**Exercise directions**. Please retype the listing below word for word and exclude its images.

**Given entries**.

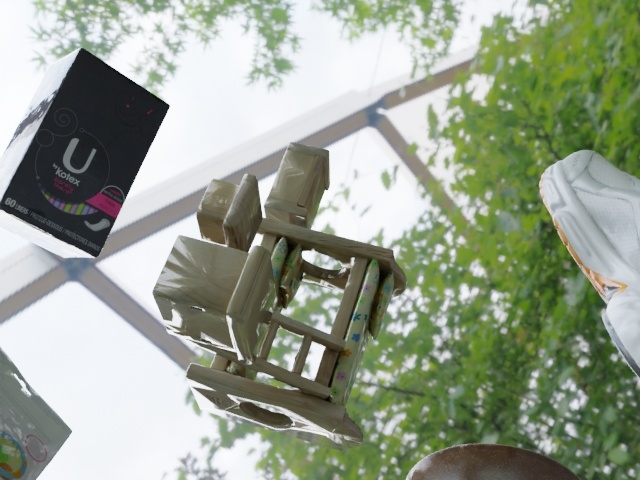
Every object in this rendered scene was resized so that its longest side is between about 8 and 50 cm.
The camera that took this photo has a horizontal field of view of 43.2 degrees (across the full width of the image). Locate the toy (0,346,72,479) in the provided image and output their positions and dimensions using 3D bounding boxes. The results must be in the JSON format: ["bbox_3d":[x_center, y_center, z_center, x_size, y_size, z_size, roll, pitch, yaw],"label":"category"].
[{"bbox_3d":[-0.306,0.172,0.676,0.056,0.137,0.237,-36,8,6],"label":"toy"}]

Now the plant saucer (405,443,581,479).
[{"bbox_3d":[0.186,0.291,0.859,0.036,0.198,0.199,-72,-22,-48],"label":"plant saucer"}]

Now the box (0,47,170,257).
[{"bbox_3d":[-0.374,-0.126,1.225,0.165,0.143,0.270,31,-110,-32],"label":"box"}]

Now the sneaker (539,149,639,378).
[{"bbox_3d":[0.229,0.005,0.509,0.121,0.262,0.099,-35,-61,18],"label":"sneaker"}]

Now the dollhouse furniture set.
[{"bbox_3d":[0.000,0.000,0.457,0.161,0.101,0.182,88,-161,-59],"label":"dollhouse furniture set"}]
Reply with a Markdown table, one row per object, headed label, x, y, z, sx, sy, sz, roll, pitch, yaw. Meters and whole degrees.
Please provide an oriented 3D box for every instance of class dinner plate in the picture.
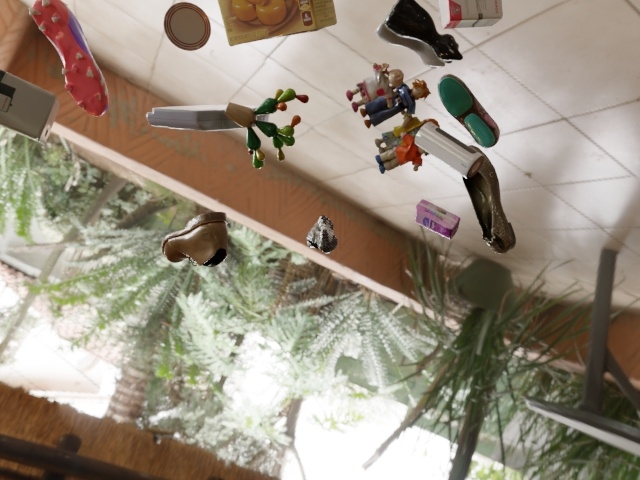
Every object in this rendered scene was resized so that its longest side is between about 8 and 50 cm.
| label | x | y | z | sx | sy | sz | roll | pitch | yaw |
| --- | --- | --- | --- | --- | --- | --- | --- | --- | --- |
| dinner plate | -0.403 | -0.649 | 1.514 | 0.141 | 0.141 | 0.017 | 29 | -150 | -27 |

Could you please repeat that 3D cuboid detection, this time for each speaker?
| label | x | y | z | sx | sy | sz | roll | pitch | yaw |
| --- | --- | --- | --- | --- | --- | --- | --- | --- | --- |
| speaker | 0.255 | -0.181 | 0.998 | 0.136 | 0.055 | 0.055 | 42 | 179 | 26 |

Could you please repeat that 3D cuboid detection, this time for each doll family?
| label | x | y | z | sx | sy | sz | roll | pitch | yaw |
| --- | --- | --- | --- | --- | --- | --- | --- | --- | --- |
| doll family | 0.185 | -0.293 | 1.165 | 0.163 | 0.118 | 0.263 | -19 | 107 | 28 |

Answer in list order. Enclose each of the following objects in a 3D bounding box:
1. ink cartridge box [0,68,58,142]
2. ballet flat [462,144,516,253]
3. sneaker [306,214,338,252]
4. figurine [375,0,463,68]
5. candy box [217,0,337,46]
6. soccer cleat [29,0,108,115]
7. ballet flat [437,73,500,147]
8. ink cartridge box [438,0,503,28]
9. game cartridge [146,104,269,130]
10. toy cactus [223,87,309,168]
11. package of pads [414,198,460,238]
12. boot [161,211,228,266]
| label | x | y | z | sx | sy | sz | roll | pitch | yaw |
| --- | --- | --- | --- | --- | --- | --- | --- | --- | --- |
| ink cartridge box | -0.568 | -0.250 | 0.851 | 0.208 | 0.087 | 0.153 | 24 | 177 | -27 |
| ballet flat | 0.354 | -0.088 | 1.090 | 0.058 | 0.250 | 0.084 | -17 | 177 | -19 |
| sneaker | 0.000 | 0.000 | 1.769 | 0.078 | 0.106 | 0.234 | 39 | -161 | -19 |
| figurine | 0.256 | -0.522 | 1.294 | 0.209 | 0.092 | 0.215 | 34 | -172 | -10 |
| candy box | -0.096 | -0.495 | 0.804 | 0.183 | 0.087 | 0.316 | 2 | 118 | 28 |
| soccer cleat | -0.502 | -0.382 | 1.037 | 0.248 | 0.083 | 0.095 | 64 | -162 | -14 |
| ballet flat | 0.373 | -0.330 | 1.252 | 0.221 | 0.079 | 0.077 | 46 | 134 | -12 |
| ink cartridge box | 0.633 | -1.002 | 2.112 | 0.237 | 0.172 | 0.100 | -6 | -178 | -8 |
| game cartridge | -0.272 | -0.322 | 1.298 | 0.196 | 0.060 | 0.294 | 6 | -162 | 29 |
| toy cactus | -0.138 | -0.285 | 1.198 | 0.180 | 0.112 | 0.219 | 23 | 129 | -15 |
| package of pads | 0.218 | -0.039 | 0.937 | 0.083 | 0.032 | 0.050 | 30 | 159 | 22 |
| boot | -0.336 | 0.027 | 1.317 | 0.112 | 0.115 | 0.305 | -5 | 166 | -39 |
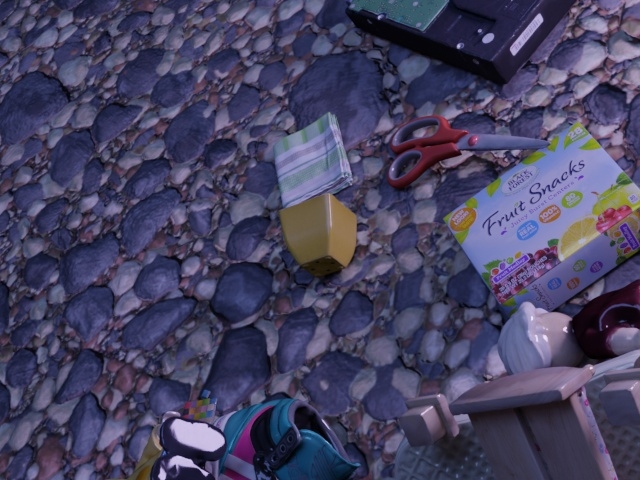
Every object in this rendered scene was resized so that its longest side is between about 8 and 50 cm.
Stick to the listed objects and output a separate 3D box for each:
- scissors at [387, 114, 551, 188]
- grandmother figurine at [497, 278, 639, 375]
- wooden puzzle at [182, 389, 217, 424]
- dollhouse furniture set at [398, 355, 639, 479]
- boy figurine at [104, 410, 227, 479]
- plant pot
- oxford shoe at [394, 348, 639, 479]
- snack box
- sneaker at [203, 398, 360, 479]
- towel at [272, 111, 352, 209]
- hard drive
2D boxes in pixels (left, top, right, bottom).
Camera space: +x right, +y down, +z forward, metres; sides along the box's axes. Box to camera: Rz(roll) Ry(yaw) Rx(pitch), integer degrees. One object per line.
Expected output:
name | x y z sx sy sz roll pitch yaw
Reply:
scissors | 0.190 -0.136 1.678 0.297 0.021 0.109 -14 48 48
grandmother figurine | 0.346 0.082 1.359 0.342 0.208 0.104 -18 89 26
wooden puzzle | -0.161 0.233 1.699 0.049 0.006 0.083 -14 49 27
dollhouse furniture set | 0.299 0.242 1.224 0.355 0.303 0.173 -15 11 47
boy figurine | -0.202 0.291 1.538 0.285 0.092 0.177 -38 35 54
plant pot | 0.000 0.000 1.720 0.081 0.081 0.083 -19 59 23
oxford shoe | 0.292 0.192 1.309 0.449 0.169 0.130 -14 5 25
snack box | 0.273 -0.019 1.536 0.207 0.070 0.174 -35 42 6
sneaker | -0.040 0.299 1.479 0.178 0.124 0.296 -29 42 28
towel | -0.016 -0.112 1.860 0.113 0.023 0.152 -27 44 15
hard drive | 0.214 -0.368 1.868 0.237 0.064 0.339 -51 44 -9
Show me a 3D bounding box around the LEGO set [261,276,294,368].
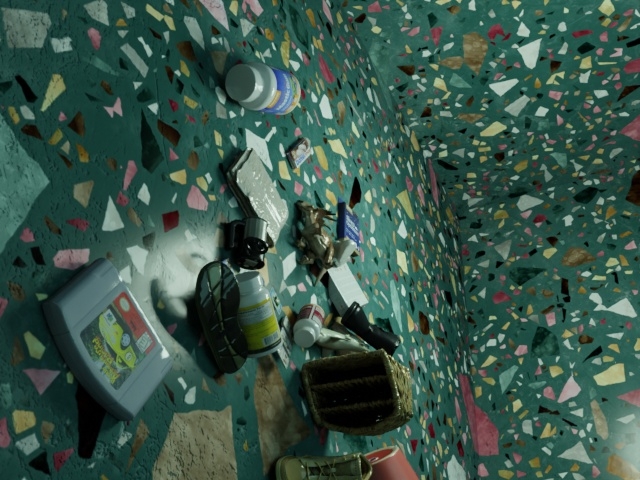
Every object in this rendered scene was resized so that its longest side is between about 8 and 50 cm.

**Written reply**.
Every object in this rendered scene was resized so that its longest side is between about 8 and 50 cm.
The camera that took this photo has a horizontal field of view of 43.2 degrees (across the full width of the image). Locate the toy (0,346,72,479) in the provided image and output their positions and dimensions using 3D bounding boxes. The results must be in the JSON format: ["bbox_3d":[x_center, y_center, z_center, x_size, y_size, z_size, roll, pitch, yaw],"label":"category"].
[{"bbox_3d":[-0.306,0.172,0.676,0.056,0.137,0.237,-36,8,6],"label":"toy"}]

Now the plant saucer (405,443,581,479).
[{"bbox_3d":[0.186,0.291,0.859,0.036,0.198,0.199,-72,-22,-48],"label":"plant saucer"}]

Now the box (0,47,170,257).
[{"bbox_3d":[-0.374,-0.126,1.225,0.165,0.143,0.270,31,-110,-32],"label":"box"}]

Now the sneaker (539,149,639,378).
[{"bbox_3d":[0.229,0.005,0.509,0.121,0.262,0.099,-35,-61,18],"label":"sneaker"}]

Now the dollhouse furniture set.
[{"bbox_3d":[0.000,0.000,0.457,0.161,0.101,0.182,88,-161,-59],"label":"dollhouse furniture set"}]
Reply with a Markdown table, one row per object, headed label, x, y, z, sx, sy, sz, roll, pitch, yaw. Meters and whole degrees.
Please provide an oriented 3D box for every instance of class dinner plate in the picture.
Every object in this rendered scene was resized so that its longest side is between about 8 and 50 cm.
| label | x | y | z | sx | sy | sz | roll | pitch | yaw |
| --- | --- | --- | --- | --- | --- | --- | --- | --- | --- |
| dinner plate | -0.403 | -0.649 | 1.514 | 0.141 | 0.141 | 0.017 | 29 | -150 | -27 |

Could you please repeat that 3D cuboid detection, this time for each speaker?
| label | x | y | z | sx | sy | sz | roll | pitch | yaw |
| --- | --- | --- | --- | --- | --- | --- | --- | --- | --- |
| speaker | 0.255 | -0.181 | 0.998 | 0.136 | 0.055 | 0.055 | 42 | 179 | 26 |

Could you please repeat that 3D cuboid detection, this time for each doll family?
| label | x | y | z | sx | sy | sz | roll | pitch | yaw |
| --- | --- | --- | --- | --- | --- | --- | --- | --- | --- |
| doll family | 0.185 | -0.293 | 1.165 | 0.163 | 0.118 | 0.263 | -19 | 107 | 28 |

Answer in list order. Enclose each of the following objects in a 3D bounding box:
1. ink cartridge box [0,68,58,142]
2. ballet flat [462,144,516,253]
3. sneaker [306,214,338,252]
4. figurine [375,0,463,68]
5. candy box [217,0,337,46]
6. soccer cleat [29,0,108,115]
7. ballet flat [437,73,500,147]
8. ink cartridge box [438,0,503,28]
9. game cartridge [146,104,269,130]
10. toy cactus [223,87,309,168]
11. package of pads [414,198,460,238]
12. boot [161,211,228,266]
| label | x | y | z | sx | sy | sz | roll | pitch | yaw |
| --- | --- | --- | --- | --- | --- | --- | --- | --- | --- |
| ink cartridge box | -0.568 | -0.250 | 0.851 | 0.208 | 0.087 | 0.153 | 24 | 177 | -27 |
| ballet flat | 0.354 | -0.088 | 1.090 | 0.058 | 0.250 | 0.084 | -17 | 177 | -19 |
| sneaker | 0.000 | 0.000 | 1.769 | 0.078 | 0.106 | 0.234 | 39 | -161 | -19 |
| figurine | 0.256 | -0.522 | 1.294 | 0.209 | 0.092 | 0.215 | 34 | -172 | -10 |
| candy box | -0.096 | -0.495 | 0.804 | 0.183 | 0.087 | 0.316 | 2 | 118 | 28 |
| soccer cleat | -0.502 | -0.382 | 1.037 | 0.248 | 0.083 | 0.095 | 64 | -162 | -14 |
| ballet flat | 0.373 | -0.330 | 1.252 | 0.221 | 0.079 | 0.077 | 46 | 134 | -12 |
| ink cartridge box | 0.633 | -1.002 | 2.112 | 0.237 | 0.172 | 0.100 | -6 | -178 | -8 |
| game cartridge | -0.272 | -0.322 | 1.298 | 0.196 | 0.060 | 0.294 | 6 | -162 | 29 |
| toy cactus | -0.138 | -0.285 | 1.198 | 0.180 | 0.112 | 0.219 | 23 | 129 | -15 |
| package of pads | 0.218 | -0.039 | 0.937 | 0.083 | 0.032 | 0.050 | 30 | 159 | 22 |
| boot | -0.336 | 0.027 | 1.317 | 0.112 | 0.115 | 0.305 | -5 | 166 | -39 |
Every object in this rendered scene was resized so that its longest side is between about 8 and 50 cm.
Stick to the listed objects and output a separate 3D box for each:
- scissors at [387, 114, 551, 188]
- grandmother figurine at [497, 278, 639, 375]
- wooden puzzle at [182, 389, 217, 424]
- dollhouse furniture set at [398, 355, 639, 479]
- boy figurine at [104, 410, 227, 479]
- plant pot
- oxford shoe at [394, 348, 639, 479]
- snack box
- sneaker at [203, 398, 360, 479]
- towel at [272, 111, 352, 209]
- hard drive
2D boxes in pixels (left, top, right, bottom).
Camera space: +x right, +y down, +z forward, metres; sides along the box's axes. Box to camera: Rz(roll) Ry(yaw) Rx(pitch), integer degrees. One object per line.
Expected output:
name | x y z sx sy sz roll pitch yaw
Reply:
scissors | 0.190 -0.136 1.678 0.297 0.021 0.109 -14 48 48
grandmother figurine | 0.346 0.082 1.359 0.342 0.208 0.104 -18 89 26
wooden puzzle | -0.161 0.233 1.699 0.049 0.006 0.083 -14 49 27
dollhouse furniture set | 0.299 0.242 1.224 0.355 0.303 0.173 -15 11 47
boy figurine | -0.202 0.291 1.538 0.285 0.092 0.177 -38 35 54
plant pot | 0.000 0.000 1.720 0.081 0.081 0.083 -19 59 23
oxford shoe | 0.292 0.192 1.309 0.449 0.169 0.130 -14 5 25
snack box | 0.273 -0.019 1.536 0.207 0.070 0.174 -35 42 6
sneaker | -0.040 0.299 1.479 0.178 0.124 0.296 -29 42 28
towel | -0.016 -0.112 1.860 0.113 0.023 0.152 -27 44 15
hard drive | 0.214 -0.368 1.868 0.237 0.064 0.339 -51 44 -9
Show me a 3D bounding box around the LEGO set [261,276,294,368].
Every object in this rendered scene was resized so that its longest side is between about 8 and 50 cm.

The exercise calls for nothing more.